### Exercise directions
Throughout the records below, find the lines with the string "meters" and give how many there are, nothing else.

### Extracted records
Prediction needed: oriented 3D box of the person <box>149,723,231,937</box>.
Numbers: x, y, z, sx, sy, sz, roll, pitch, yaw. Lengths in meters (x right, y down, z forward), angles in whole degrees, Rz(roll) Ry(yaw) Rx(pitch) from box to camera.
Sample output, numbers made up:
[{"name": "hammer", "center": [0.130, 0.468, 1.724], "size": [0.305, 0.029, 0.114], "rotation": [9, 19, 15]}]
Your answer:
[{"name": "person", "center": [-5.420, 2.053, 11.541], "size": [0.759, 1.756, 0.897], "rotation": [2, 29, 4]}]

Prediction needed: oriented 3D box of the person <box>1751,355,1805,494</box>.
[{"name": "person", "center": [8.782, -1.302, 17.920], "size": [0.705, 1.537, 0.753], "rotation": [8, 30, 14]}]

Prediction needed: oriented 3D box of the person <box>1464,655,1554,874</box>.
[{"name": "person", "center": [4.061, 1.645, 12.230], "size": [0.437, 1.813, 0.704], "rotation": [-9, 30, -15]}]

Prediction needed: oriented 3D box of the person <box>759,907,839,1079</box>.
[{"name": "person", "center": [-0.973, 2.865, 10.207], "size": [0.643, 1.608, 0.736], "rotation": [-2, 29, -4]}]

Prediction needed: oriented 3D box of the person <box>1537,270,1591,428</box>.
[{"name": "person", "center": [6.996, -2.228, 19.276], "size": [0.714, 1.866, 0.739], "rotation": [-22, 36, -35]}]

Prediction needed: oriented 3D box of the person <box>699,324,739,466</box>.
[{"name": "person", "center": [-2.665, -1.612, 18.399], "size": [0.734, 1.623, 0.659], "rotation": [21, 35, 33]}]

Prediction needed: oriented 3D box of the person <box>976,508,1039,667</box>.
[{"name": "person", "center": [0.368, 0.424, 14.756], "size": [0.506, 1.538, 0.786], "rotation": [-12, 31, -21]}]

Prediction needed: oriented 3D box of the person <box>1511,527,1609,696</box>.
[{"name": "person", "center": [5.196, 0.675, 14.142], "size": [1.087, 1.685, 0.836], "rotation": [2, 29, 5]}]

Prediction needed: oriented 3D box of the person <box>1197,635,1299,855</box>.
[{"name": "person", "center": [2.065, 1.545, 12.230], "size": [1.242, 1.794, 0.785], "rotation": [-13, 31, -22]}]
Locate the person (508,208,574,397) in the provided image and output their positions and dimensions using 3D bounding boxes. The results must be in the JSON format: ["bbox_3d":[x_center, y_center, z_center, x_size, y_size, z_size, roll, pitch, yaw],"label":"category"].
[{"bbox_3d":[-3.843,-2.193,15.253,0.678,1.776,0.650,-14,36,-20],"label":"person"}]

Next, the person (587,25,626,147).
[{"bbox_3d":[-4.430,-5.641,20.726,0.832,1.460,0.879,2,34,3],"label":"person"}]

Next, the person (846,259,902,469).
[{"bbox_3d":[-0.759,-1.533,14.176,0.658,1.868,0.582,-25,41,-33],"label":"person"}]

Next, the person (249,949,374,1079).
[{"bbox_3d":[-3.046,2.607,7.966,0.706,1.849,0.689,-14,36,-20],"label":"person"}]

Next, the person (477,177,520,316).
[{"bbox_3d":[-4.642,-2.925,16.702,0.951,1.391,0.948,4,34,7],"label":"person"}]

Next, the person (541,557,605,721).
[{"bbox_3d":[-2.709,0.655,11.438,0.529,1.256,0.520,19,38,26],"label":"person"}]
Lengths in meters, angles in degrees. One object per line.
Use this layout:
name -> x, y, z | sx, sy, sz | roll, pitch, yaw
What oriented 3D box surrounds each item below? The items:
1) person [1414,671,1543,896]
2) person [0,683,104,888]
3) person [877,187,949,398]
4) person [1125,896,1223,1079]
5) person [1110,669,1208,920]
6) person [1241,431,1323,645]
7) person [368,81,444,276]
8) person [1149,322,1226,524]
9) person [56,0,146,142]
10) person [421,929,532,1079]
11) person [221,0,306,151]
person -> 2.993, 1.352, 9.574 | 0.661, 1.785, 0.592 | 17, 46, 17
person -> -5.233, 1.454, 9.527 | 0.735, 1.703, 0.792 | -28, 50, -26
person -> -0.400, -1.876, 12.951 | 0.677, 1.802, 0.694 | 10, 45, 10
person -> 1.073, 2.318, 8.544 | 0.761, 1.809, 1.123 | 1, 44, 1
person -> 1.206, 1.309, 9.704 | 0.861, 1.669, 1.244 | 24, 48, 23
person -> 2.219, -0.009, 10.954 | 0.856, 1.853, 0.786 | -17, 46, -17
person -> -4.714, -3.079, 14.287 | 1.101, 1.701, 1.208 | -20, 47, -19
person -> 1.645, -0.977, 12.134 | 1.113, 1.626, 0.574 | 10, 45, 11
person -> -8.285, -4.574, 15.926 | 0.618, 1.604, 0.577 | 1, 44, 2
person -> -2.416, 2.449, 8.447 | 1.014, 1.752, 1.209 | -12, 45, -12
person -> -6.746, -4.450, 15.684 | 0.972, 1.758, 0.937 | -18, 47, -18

### Answer space
2